[Data extracted from a collection]
══════════════════════════════

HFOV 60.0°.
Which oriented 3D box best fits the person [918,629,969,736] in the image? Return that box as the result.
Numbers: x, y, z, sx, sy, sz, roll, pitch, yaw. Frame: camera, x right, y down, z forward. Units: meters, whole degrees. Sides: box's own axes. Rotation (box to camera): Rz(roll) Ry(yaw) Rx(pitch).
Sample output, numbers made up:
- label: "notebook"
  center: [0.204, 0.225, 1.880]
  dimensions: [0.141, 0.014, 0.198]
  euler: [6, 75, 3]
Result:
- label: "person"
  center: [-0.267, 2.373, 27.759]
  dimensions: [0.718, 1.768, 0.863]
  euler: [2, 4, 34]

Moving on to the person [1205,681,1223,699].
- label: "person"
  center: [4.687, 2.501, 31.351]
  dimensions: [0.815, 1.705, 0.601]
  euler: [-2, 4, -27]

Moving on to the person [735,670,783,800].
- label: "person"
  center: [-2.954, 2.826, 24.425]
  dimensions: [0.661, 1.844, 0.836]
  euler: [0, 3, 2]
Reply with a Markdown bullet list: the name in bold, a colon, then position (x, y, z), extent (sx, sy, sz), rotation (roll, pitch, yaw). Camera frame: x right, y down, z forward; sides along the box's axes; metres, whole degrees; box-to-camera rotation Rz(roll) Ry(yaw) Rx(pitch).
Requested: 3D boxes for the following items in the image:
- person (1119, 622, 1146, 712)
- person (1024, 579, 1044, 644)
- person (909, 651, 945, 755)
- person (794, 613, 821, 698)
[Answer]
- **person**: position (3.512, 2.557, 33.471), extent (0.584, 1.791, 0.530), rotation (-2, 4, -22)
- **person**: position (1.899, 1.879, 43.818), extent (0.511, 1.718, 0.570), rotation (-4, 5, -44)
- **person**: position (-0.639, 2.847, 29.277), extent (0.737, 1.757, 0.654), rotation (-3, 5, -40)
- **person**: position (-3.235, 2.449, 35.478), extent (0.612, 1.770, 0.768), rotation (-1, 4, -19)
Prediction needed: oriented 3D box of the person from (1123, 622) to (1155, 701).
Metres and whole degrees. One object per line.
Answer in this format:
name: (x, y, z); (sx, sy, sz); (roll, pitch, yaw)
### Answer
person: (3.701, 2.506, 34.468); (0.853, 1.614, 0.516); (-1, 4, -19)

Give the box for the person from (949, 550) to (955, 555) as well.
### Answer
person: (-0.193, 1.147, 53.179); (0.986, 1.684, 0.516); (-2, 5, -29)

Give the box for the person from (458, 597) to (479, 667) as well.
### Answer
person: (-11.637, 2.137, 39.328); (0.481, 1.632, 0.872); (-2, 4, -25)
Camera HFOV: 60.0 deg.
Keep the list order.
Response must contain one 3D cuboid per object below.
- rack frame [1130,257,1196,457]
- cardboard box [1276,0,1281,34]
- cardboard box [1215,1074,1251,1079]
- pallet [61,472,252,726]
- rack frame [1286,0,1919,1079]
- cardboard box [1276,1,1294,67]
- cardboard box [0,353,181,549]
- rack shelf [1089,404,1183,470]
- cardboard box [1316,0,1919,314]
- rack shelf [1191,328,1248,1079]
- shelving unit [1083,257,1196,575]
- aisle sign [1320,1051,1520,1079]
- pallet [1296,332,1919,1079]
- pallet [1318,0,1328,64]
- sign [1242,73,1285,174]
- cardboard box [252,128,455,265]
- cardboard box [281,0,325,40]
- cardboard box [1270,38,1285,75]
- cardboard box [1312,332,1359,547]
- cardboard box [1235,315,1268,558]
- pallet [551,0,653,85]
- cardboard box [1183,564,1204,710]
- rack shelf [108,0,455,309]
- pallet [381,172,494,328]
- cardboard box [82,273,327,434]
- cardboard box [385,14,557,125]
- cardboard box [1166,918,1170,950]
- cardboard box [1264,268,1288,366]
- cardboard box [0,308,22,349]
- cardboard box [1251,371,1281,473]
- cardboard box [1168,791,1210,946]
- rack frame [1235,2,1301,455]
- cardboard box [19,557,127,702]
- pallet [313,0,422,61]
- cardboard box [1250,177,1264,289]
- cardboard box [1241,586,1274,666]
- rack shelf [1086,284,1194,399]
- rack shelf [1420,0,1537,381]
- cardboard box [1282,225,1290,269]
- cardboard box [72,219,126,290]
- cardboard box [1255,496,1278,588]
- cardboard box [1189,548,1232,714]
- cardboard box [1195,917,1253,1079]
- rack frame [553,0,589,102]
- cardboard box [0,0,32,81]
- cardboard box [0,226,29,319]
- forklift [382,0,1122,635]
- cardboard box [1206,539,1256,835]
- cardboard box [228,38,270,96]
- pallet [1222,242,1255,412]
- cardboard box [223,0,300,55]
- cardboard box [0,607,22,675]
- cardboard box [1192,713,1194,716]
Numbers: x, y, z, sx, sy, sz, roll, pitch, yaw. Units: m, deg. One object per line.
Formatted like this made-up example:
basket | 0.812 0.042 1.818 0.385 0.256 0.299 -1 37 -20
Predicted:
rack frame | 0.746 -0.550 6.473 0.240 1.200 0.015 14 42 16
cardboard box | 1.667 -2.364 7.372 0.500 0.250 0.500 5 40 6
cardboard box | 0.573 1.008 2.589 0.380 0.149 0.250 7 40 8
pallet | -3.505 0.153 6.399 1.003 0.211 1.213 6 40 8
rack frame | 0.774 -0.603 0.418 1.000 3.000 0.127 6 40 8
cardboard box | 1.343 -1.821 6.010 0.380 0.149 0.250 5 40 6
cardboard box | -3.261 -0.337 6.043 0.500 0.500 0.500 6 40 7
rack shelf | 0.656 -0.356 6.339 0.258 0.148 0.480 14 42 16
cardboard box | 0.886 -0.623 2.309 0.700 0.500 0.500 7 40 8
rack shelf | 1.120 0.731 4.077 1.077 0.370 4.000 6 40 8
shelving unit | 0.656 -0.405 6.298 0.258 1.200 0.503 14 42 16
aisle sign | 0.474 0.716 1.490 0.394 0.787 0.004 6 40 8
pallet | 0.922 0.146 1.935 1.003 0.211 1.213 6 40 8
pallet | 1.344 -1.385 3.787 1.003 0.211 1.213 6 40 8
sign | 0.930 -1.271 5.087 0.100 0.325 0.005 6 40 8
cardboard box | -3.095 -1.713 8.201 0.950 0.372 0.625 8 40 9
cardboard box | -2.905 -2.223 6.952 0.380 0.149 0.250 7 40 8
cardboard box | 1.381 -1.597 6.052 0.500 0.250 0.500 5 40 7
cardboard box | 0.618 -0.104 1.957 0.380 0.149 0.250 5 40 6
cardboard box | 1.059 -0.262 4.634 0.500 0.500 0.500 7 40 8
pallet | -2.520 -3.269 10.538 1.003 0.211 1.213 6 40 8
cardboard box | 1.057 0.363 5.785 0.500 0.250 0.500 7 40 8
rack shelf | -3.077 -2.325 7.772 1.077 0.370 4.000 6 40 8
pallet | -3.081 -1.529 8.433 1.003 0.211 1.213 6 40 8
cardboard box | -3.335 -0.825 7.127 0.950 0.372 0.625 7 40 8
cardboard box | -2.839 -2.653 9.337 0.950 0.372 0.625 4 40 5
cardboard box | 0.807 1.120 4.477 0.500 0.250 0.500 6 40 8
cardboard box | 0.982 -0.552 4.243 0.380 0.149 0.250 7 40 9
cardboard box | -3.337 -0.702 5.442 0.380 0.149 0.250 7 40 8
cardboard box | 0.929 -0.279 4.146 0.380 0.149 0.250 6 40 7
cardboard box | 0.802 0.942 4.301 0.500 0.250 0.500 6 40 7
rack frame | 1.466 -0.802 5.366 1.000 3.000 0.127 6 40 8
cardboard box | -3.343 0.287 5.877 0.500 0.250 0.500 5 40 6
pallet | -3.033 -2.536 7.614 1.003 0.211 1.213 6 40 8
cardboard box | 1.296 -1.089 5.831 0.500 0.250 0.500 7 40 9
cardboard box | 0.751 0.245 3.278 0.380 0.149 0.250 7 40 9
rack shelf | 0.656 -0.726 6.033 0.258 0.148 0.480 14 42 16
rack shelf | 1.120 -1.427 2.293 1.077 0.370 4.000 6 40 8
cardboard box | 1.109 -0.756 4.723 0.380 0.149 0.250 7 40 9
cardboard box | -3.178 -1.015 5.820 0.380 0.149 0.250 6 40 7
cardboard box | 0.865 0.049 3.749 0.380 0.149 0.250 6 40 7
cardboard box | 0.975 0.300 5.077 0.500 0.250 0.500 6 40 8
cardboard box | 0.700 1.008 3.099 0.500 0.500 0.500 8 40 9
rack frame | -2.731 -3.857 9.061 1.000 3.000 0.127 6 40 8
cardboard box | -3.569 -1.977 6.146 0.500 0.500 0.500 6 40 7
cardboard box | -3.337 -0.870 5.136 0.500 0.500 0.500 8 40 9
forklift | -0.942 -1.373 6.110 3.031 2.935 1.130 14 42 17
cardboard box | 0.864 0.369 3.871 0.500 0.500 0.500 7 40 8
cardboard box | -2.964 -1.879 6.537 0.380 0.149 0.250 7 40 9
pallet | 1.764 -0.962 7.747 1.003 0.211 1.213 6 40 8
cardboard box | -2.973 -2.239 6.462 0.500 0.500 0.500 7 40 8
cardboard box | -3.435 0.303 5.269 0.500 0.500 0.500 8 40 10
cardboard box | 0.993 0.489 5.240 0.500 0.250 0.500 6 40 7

══════════════════════════════

- TASK DESCRIPTION -
All lines in the data that contain the word "list" should be copied.

- RESPONSE TO THIS TASK -
Reply with a Markdown bullet list: the name in bold, a colon, then position (x, y, z), extent (sx, sy, sz), rotation (roll, pitch, yaw). Camera frame: x right, y down, z forward; sides along the box's axes; metres, whole degrees; box-to-camera rotation Rz(roll) Ry(yaw) Rx(pitch).
Keep the list order.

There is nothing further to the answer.